■ **Exercise description**
Which lines run from the one with "11.0 s after image 1." through the end of the data? Retype them exactly, without pictures.

■ **Stored data**
____

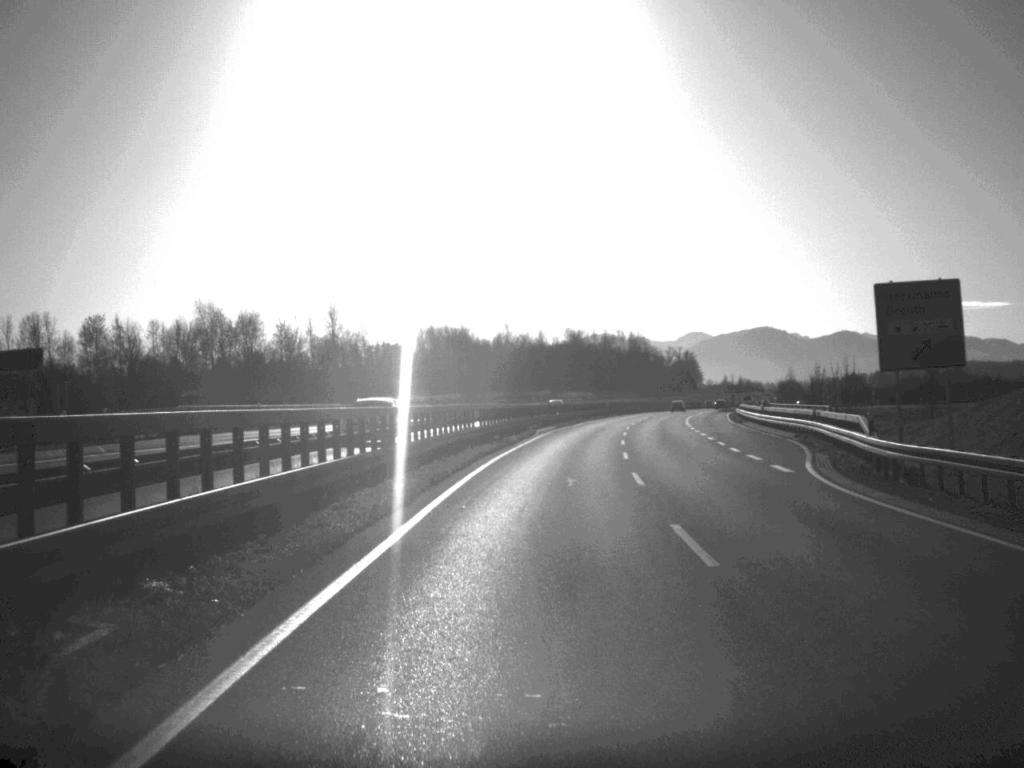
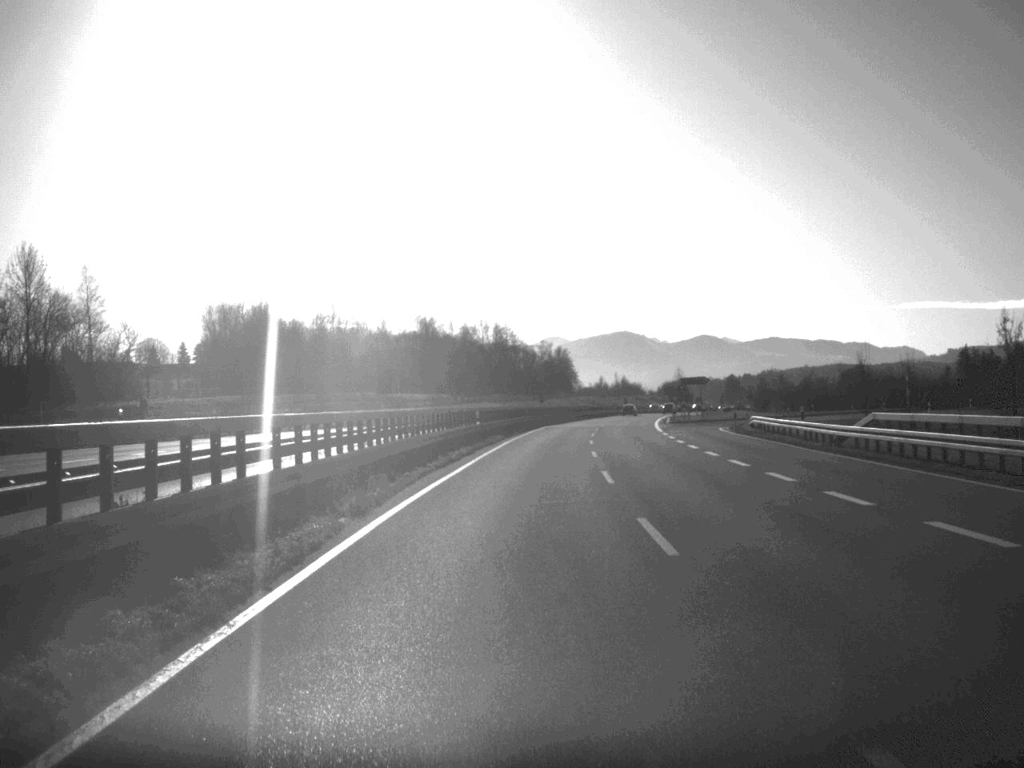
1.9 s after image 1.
(+4.0, +69.3) m; +6°
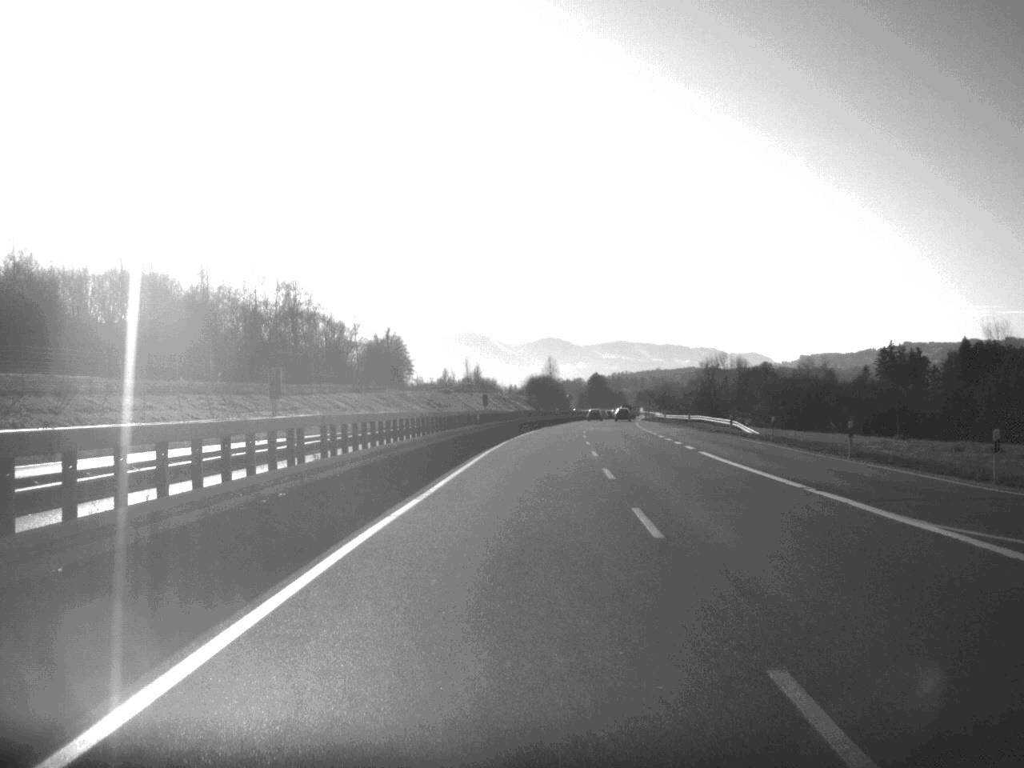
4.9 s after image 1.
(+7.1, +114.4) m; +7°
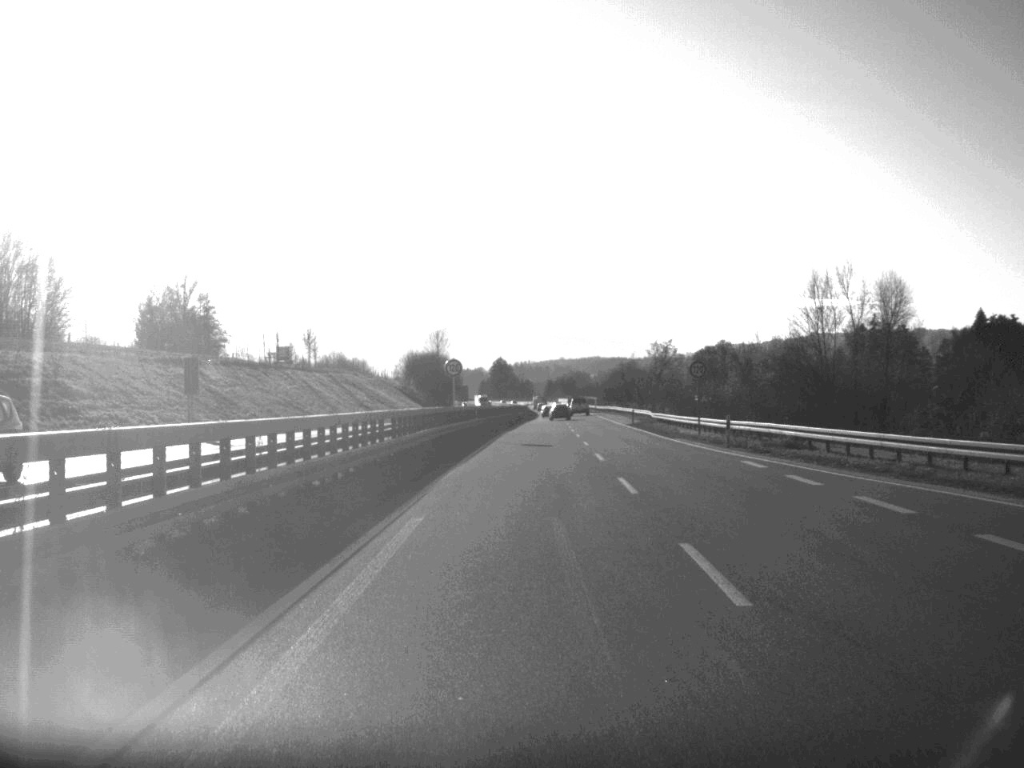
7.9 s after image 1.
(+4.5, +110.3) m; +4°
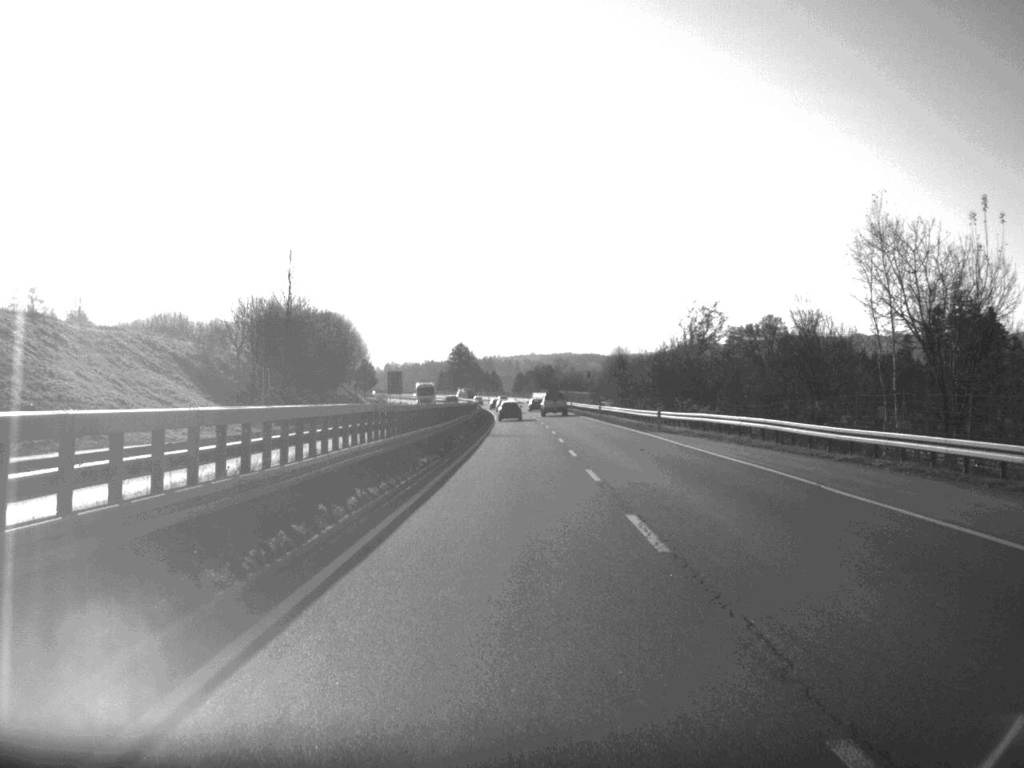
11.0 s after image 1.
(+1.9, +112.0) m; +1°
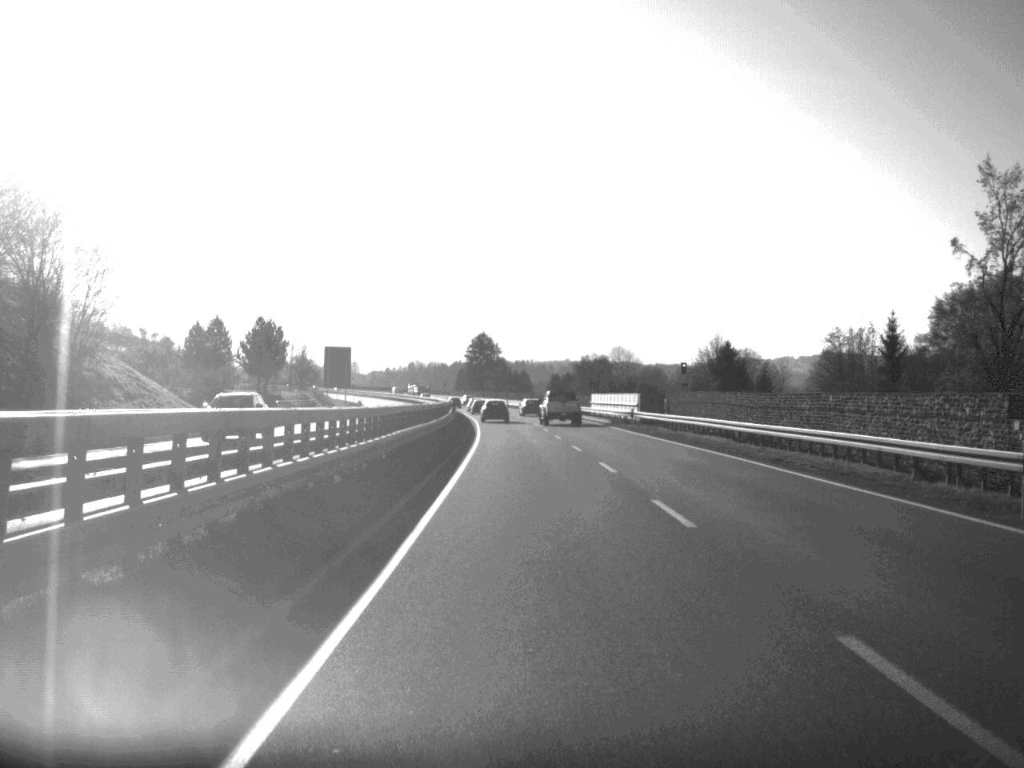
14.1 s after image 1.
(-1.4, +112.8) m; -1°
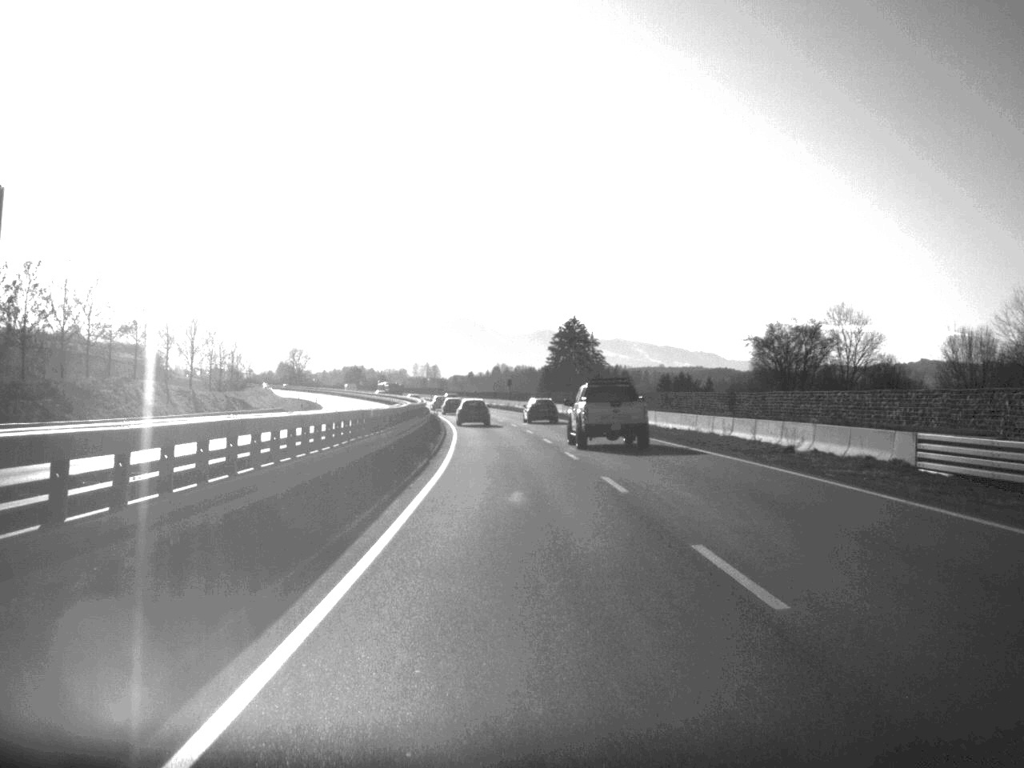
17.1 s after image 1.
(-3.5, +110.3) m; -4°

____

■ **Your response**
11.0 s after image 1.
(+1.9, +112.0) m; +1°
14.1 s after image 1.
(-1.4, +112.8) m; -1°
17.1 s after image 1.
(-3.5, +110.3) m; -4°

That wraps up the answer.